(CNN) - A community of believers gathered at a local mosque in Nairobi's Kibera neighborhood to offer special prayers and to grieve a close neighbor, friend, brother and beloved son. The body of a loved one is usually present for memorial services like this one, but this time, the departed is missing.
Abdullahi Ibrahim Mohammed, 34, a lab technician in Saudi Arabia, was among the 157 passengers killed on Sunday when an Ethiopian Airlines plane crashed just minutes after taking off from Bole International Airport in Addis Ababa. His family has not yet received his remains.
"We do such a prayer, to such a person, knowing that in case the body does not get to be found, then we will have completed one of the rituals that is supposed to be done," Mohammed's uncle, Yusuf Abuhamza, said.
Mohammed was traveling home for his annual leave, a trip that his family says he was eagerly looking forward to as he kept calling and messaging to remind them of his arrival date.

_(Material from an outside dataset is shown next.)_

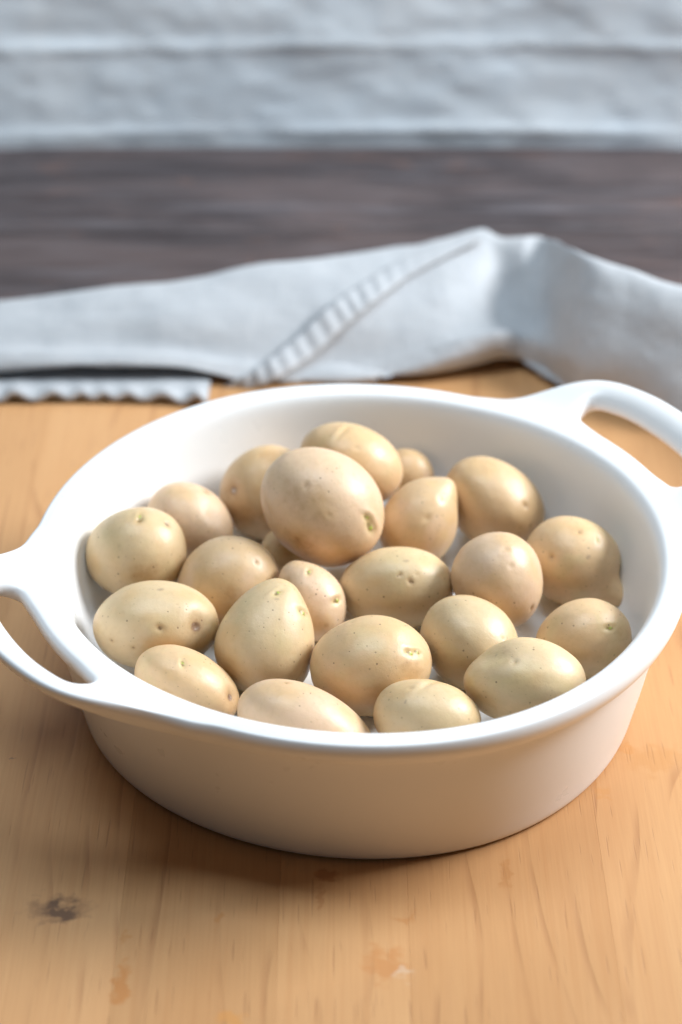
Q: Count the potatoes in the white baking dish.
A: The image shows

Coming from a close-knit family, it had been difficult, at first, for him to take the job in the Middle East country, because it meant being away from home for months at a time. But as the first born son, his parents and siblings depended on him to provide a much better life for them.

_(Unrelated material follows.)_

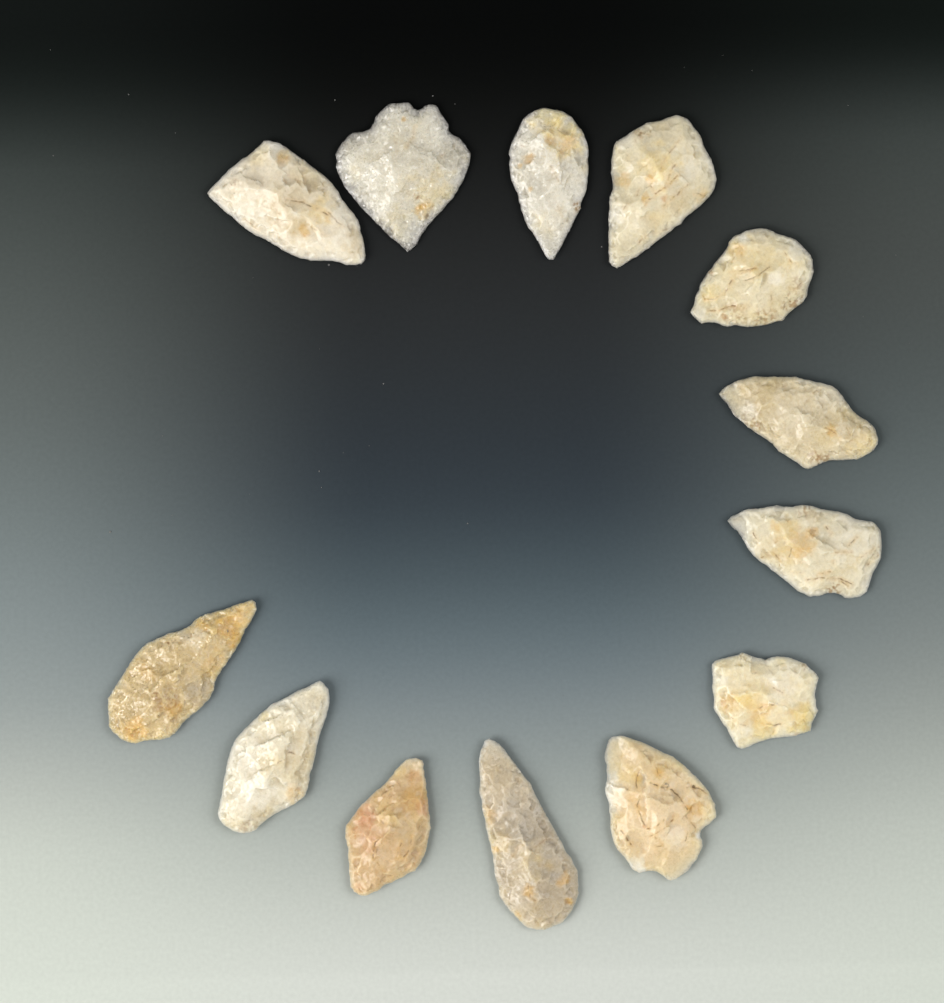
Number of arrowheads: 13

"A lot of hopes had been banked on him, so it is so devastating. It is a gap that will not be filled. The way it came, it was a blow," Abuhamza said.
Mohammed was last home in February 2018 for his wedding celebration. His wife was waiting for him at the airport in Nairobi Sunday morning. Back at their family home, relatives and friends were gathering for a feast to welcome him home. Then the devastating news of the plane crash began to trickle in, and their joy turned into mourning.
His mother, Kaltuma Abdallah, remains in shock at the news of his death. She mostly sits on the floor of their living room, silently staring into space, hands clasped on her lap, grief etched in her face.
She shared the plans that Mohammed had for her and his father and also what now seems like a haunting request.
"He wanted to buy us a place, build us a home, a good house. As long as we prayed for him that he doesn't die," she said.
"If he was alive he would do this for us. But now the lord has cut short his life," she said.
Early Tuesday morning, Mohammed's wife and father were back at the Nairobi airport heading to Ethiopia, where they hope to identify their loved one's body and bring it back home for burial. His mother also desperately clings to the hope that his body will be found.
"Whatever they say we will accept. If it is ashes, I want them to bring them. If it is bones, I want them to bring them," she said.
"As long as we see him, that is the only way that we can move on. But without returning his body, we will forget that he's dead. We will keep thinking that there is a day that he will come back."